SUPPLIED MATERIAL:
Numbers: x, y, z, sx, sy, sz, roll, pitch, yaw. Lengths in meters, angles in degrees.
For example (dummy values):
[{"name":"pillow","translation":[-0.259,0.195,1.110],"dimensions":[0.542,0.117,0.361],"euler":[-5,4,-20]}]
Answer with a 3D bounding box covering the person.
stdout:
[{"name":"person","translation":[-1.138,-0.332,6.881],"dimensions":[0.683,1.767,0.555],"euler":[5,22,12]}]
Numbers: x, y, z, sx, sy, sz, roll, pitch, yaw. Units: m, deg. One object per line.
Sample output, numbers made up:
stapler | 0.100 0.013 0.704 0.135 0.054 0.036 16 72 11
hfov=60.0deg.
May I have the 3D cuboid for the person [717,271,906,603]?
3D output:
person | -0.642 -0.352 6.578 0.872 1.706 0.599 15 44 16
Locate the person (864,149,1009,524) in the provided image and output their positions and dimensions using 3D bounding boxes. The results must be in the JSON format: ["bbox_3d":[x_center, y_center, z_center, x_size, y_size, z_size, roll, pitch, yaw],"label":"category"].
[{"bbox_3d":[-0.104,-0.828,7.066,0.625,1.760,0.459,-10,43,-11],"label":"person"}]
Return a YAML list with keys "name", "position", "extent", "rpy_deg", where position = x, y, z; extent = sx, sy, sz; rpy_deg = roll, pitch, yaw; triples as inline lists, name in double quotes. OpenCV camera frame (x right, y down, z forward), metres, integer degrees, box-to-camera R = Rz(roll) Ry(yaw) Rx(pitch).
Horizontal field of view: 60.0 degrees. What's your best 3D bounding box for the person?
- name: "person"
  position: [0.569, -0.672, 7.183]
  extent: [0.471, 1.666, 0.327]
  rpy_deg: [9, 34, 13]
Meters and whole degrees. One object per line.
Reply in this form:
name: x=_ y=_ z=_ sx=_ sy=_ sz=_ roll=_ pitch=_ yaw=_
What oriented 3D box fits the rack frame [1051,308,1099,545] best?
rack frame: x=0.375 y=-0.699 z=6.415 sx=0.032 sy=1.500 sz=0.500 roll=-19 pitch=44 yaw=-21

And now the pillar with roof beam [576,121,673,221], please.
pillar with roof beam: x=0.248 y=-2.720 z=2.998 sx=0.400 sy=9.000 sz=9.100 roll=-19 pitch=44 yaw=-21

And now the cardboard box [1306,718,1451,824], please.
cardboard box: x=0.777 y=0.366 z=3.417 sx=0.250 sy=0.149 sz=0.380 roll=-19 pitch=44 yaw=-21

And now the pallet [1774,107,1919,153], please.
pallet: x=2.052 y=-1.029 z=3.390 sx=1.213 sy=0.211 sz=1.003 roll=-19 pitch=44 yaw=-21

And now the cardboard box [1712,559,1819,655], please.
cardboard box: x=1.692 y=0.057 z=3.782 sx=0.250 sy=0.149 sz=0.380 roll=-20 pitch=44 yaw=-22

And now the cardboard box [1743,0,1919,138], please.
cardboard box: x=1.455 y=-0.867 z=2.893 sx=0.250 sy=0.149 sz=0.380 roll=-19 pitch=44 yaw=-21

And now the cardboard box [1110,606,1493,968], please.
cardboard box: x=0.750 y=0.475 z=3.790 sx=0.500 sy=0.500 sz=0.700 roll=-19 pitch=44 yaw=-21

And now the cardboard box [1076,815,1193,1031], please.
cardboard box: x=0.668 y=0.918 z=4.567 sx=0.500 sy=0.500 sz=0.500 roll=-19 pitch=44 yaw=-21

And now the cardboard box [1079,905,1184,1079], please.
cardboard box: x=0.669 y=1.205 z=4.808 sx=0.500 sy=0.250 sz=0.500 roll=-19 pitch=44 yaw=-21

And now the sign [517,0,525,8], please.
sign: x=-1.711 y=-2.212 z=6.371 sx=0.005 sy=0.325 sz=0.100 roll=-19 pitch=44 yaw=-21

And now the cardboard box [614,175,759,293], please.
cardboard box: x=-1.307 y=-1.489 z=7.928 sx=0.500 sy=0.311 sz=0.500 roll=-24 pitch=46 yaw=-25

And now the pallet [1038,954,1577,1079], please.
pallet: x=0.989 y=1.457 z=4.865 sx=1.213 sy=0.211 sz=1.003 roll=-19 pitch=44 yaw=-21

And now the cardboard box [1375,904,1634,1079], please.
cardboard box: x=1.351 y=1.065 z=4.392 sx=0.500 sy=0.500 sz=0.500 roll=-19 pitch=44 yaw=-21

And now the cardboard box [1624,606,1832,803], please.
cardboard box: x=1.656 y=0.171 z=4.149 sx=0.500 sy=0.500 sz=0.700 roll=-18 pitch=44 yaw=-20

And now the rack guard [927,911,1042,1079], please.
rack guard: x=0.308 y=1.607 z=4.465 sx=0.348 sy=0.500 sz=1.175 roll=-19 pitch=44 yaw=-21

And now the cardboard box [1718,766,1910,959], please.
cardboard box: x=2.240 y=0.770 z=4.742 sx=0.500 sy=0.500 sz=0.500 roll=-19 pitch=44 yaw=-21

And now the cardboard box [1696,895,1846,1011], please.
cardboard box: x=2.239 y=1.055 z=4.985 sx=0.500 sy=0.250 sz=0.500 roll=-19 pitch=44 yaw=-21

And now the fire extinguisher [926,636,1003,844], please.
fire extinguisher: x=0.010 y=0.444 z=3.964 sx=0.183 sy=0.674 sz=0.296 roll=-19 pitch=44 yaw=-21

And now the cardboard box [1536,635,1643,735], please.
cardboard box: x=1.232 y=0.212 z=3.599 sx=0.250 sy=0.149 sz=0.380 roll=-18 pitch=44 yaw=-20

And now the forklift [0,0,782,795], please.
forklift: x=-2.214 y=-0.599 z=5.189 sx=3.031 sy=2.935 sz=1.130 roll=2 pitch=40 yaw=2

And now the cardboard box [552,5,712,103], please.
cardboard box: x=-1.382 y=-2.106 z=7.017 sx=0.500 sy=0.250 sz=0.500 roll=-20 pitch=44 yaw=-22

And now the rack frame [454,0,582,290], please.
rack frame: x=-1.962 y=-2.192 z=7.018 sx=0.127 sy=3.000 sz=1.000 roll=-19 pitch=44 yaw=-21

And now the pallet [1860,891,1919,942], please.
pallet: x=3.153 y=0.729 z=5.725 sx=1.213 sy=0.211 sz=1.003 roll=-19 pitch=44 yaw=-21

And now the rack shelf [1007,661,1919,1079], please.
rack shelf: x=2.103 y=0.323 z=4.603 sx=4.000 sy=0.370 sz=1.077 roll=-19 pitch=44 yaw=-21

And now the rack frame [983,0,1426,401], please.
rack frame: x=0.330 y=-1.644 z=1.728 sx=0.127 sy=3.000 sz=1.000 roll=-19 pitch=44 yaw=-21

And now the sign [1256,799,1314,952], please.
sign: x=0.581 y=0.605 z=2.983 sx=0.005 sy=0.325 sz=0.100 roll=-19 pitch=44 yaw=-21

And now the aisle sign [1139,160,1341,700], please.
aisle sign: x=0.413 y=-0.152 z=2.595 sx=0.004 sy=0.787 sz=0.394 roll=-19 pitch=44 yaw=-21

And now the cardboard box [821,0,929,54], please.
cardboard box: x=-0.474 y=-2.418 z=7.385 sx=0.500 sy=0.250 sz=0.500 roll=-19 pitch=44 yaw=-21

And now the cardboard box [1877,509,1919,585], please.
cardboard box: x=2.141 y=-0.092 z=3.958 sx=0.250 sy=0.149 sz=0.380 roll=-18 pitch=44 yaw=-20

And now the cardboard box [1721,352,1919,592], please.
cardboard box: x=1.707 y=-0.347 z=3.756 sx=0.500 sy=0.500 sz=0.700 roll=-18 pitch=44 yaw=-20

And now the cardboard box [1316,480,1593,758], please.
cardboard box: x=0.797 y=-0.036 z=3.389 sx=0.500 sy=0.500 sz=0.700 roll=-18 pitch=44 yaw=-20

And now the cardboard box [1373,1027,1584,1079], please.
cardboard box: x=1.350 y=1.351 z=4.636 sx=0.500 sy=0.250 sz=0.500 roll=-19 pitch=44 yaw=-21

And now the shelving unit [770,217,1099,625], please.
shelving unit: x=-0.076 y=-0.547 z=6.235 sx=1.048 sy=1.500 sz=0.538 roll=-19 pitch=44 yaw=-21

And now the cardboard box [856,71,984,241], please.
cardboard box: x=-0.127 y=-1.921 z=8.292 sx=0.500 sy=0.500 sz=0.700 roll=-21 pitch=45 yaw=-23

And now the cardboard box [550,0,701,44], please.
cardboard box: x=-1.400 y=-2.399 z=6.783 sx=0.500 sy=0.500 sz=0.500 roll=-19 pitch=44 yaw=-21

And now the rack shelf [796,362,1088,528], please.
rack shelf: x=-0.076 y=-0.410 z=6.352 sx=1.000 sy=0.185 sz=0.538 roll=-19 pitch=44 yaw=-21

YOUR OBJECTIVE: Retype the portion of the data above that starts on the line with "For example (dummy" and finishes on the line with "Meters and whole", including both of those lines.

RESPONSE TO THIS TASK:
For example (dummy values):
[{"name":"pillow","translation":[-0.259,0.195,1.110],"dimensions":[0.542,0.117,0.361],"euler":[-5,4,-20]}]
Answer with a 3D bounding box covering the person.
stdout:
[{"name":"person","translation":[-1.138,-0.332,6.881],"dimensions":[0.683,1.767,0.555],"euler":[5,22,12]}]
Numbers: x, y, z, sx, sy, sz, roll, pitch, yaw. Units: m, deg. One object per line.
Sample output, numbers made up:
stapler | 0.100 0.013 0.704 0.135 0.054 0.036 16 72 11
hfov=60.0deg.
May I have the 3D cuboid for the person [717,271,906,603]?
3D output:
person | -0.642 -0.352 6.578 0.872 1.706 0.599 15 44 16
Locate the person (864,149,1009,524) in the provided image and output their positions and dimensions using 3D bounding boxes. The results must be in the JSON format: ["bbox_3d":[x_center, y_center, z_center, x_size, y_size, z_size, roll, pitch, yaw],"label":"category"].
[{"bbox_3d":[-0.104,-0.828,7.066,0.625,1.760,0.459,-10,43,-11],"label":"person"}]
Return a YAML list with keys "name", "position", "extent", "rpy_deg", where position = x, y, z; extent = sx, sy, sz; rpy_deg = roll, pitch, yaw; triples as inline lists, name in double quotes. OpenCV camera frame (x right, y down, z forward), metres, integer degrees, box-to-camera R = Rz(roll) Ry(yaw) Rx(pitch).
Horizontal field of view: 60.0 degrees. What's your best 3D bounding box for the person?
- name: "person"
  position: [0.569, -0.672, 7.183]
  extent: [0.471, 1.666, 0.327]
  rpy_deg: [9, 34, 13]
Meters and whole degrees. One object per line.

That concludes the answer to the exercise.